Member of the Chamber of Deputies
- In office 15 May 1965 – 15 May 1973
- Constituency: 7th Departamental Group

Personal details
- Born: 7 January 1921 Santiago, Chile
- Died: 26 March 1987 (aged 66) Santiago, Chile
- Party: Conservative Party; Christian Democratic Party; Christian Left;
- Spouse: María Eyquem Burucua
- Children: 10
- Occupation: Politician

= Fernando Buzeta =

Chilean politician (1921–1987)

Fernando Raimundo Buzeta González (7 January 1921 – 26 March 1987) was a Chilean politician.

He served as Deputy for the 7th Departamental Group (Santiago, Second District) during the XLV Legislative Period (1965–1969) and the XLVI Legislative Period (1969–1973).

==Early life==
Buzeta was born in Santiago on 7 January 1921, the son of Belisario Buzeta Erazo and María González Gómez. He studied at the Colegio San Ignacio beginning in 1931, spent one year at the Arturo Prat Naval Academy in 1936, and later attended the Instituto Andrés Bello.

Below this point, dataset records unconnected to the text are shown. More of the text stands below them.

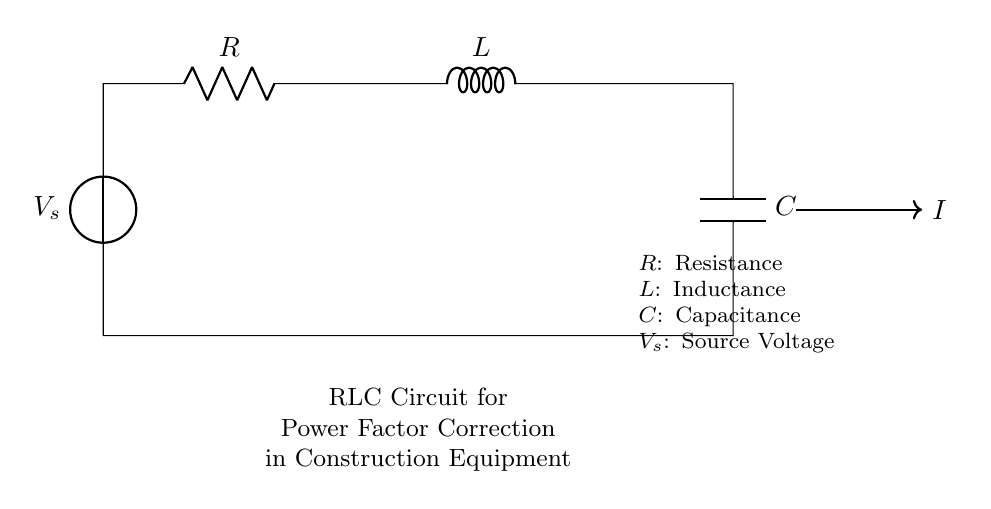What are the components of this circuit? The circuit contains a resistor, inductor, and capacitor, which are clearly labeled as R, L, and C respectively.
Answer: Resistor, Inductor, Capacitor What is the source voltage in this RLC circuit? The source voltage is denoted as V_s in the circuit, which is the voltage supply entering the circuit.
Answer: V_s What role does the capacitor play in this circuit? The capacitor is used for power factor correction, which is essential in improving the efficiency of the circuit in construction equipment.
Answer: Power factor correction What is the connection type between the components? The components are connected in a series configuration, as indicated by the direct line connections from the voltage source through R, L, and C.
Answer: Series What happens to the current as it flows through the RLC circuit? As the current passes through R, it experiences resistive loss, inductively stores energy in L, and charge in C, affecting phase or power factor.
Answer: Current changes phase What is the significance of power factor correction in construction equipment? Power factor correction improves the efficiency and reduces the reactive power, which is beneficial for heavy machinery that often operates with inductive loads.
Answer: Efficiency improvement How does the inductor impact the circuit? The inductor opposes changes in current, creating a phase shift that can result in lower power factors if not corrected by the capacitor.
Answer: Creates phase shift 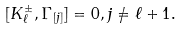<formula> <loc_0><loc_0><loc_500><loc_500>[ K _ { \ell } ^ { \pm } , \Gamma _ { [ j ] } ] = 0 , j \neq \ell + 1 .</formula> 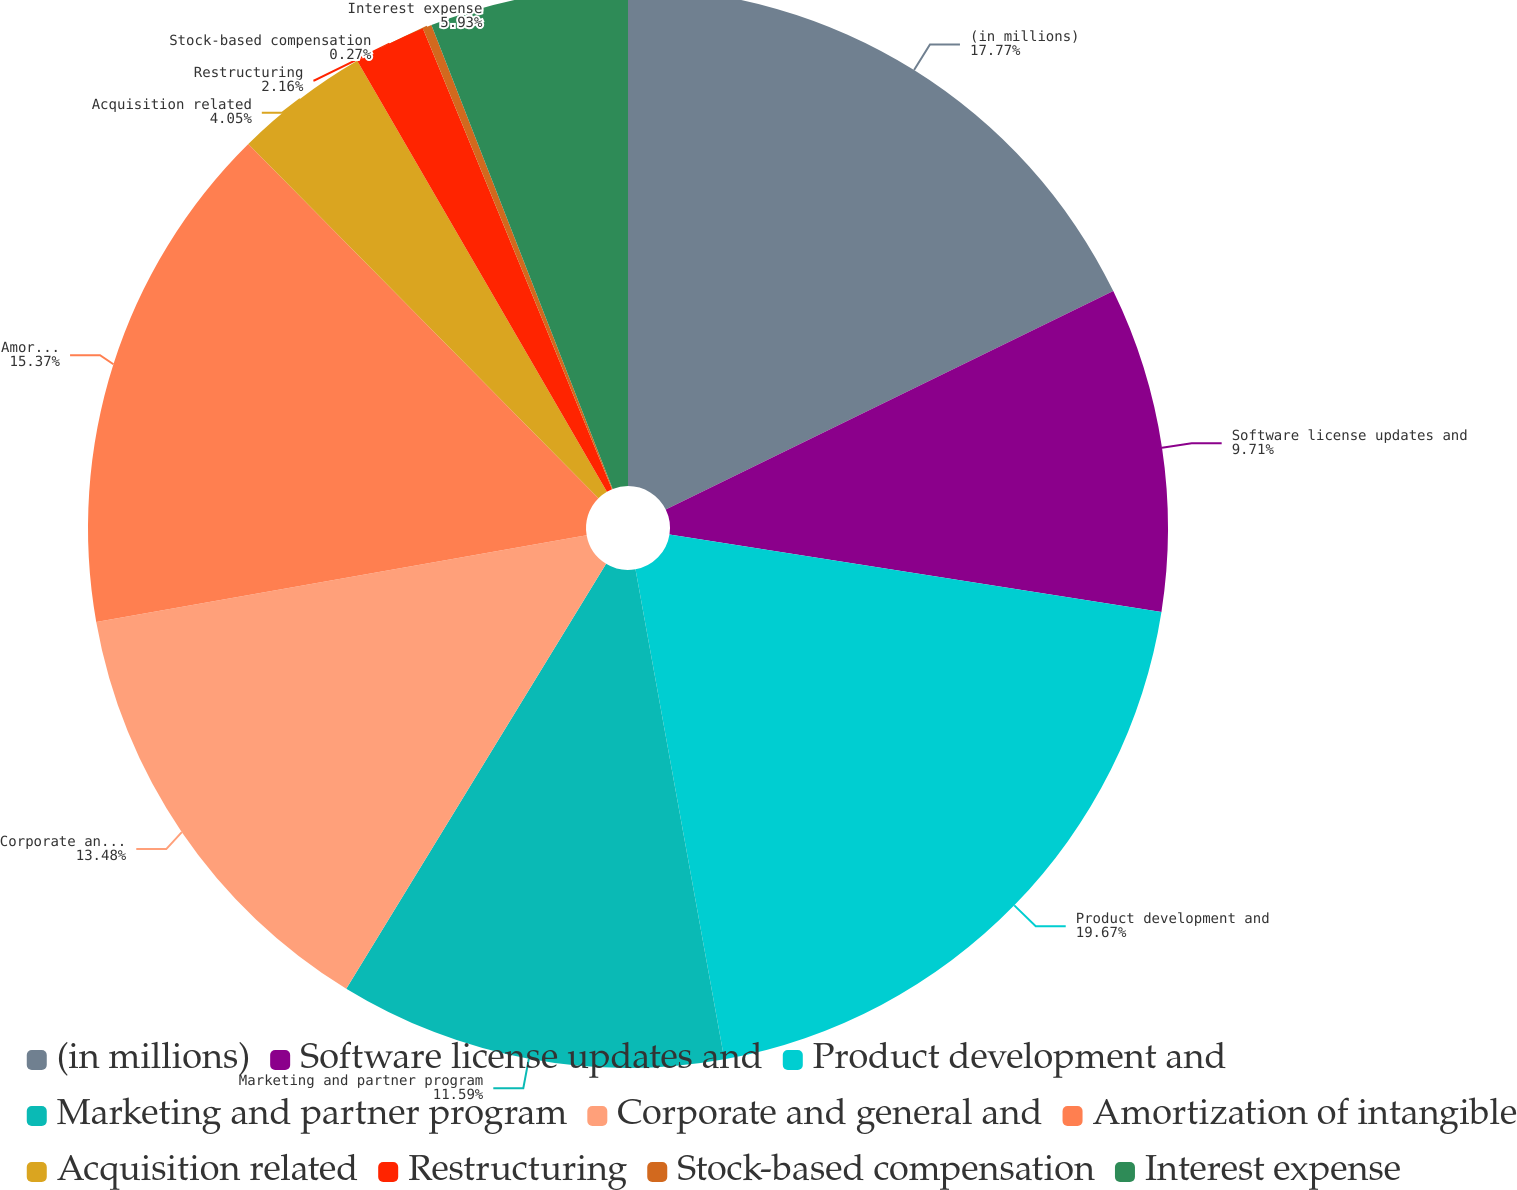Convert chart. <chart><loc_0><loc_0><loc_500><loc_500><pie_chart><fcel>(in millions)<fcel>Software license updates and<fcel>Product development and<fcel>Marketing and partner program<fcel>Corporate and general and<fcel>Amortization of intangible<fcel>Acquisition related<fcel>Restructuring<fcel>Stock-based compensation<fcel>Interest expense<nl><fcel>17.77%<fcel>9.71%<fcel>19.66%<fcel>11.59%<fcel>13.48%<fcel>15.37%<fcel>4.05%<fcel>2.16%<fcel>0.27%<fcel>5.93%<nl></chart> 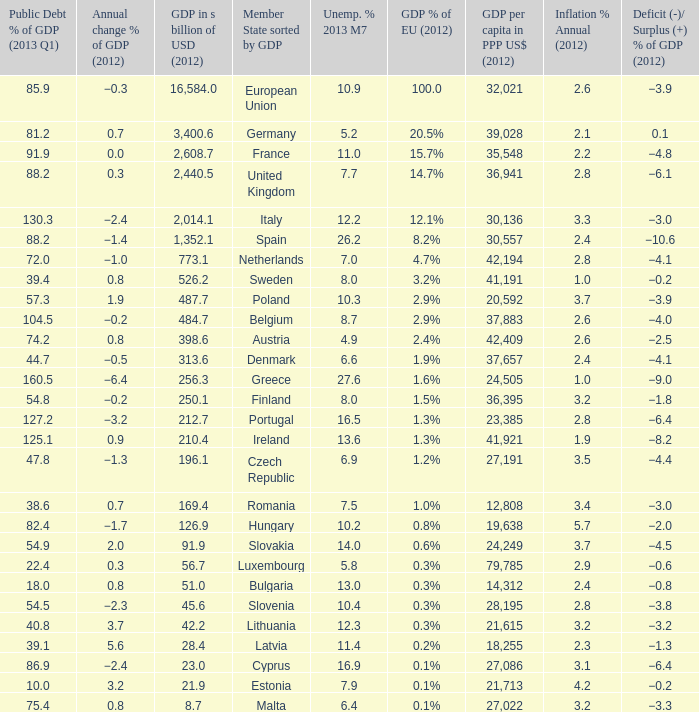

He married María Eyquem Burucua in Santiago on 24 September 1944; they had ten children.

==Political career==
Buzeta first joined the Conservative Party, later moving to the Christian Democratic Party (PDC). In the 1965 elections he was elected Deputy for the 7th Departamental Group (Santiago, Second District) for the 1965–1969 term, sitting on the Standing Committee on Economy and Commerce.

Reelected in the 1969 elections (1969–1973), he again sat on the Standing Committee on Economy, Development and Reconstruction. On 30 July 1971, he resigned from the PDC and became one of the founders of the Christian Left.

He died in Santiago on 26 March 1987.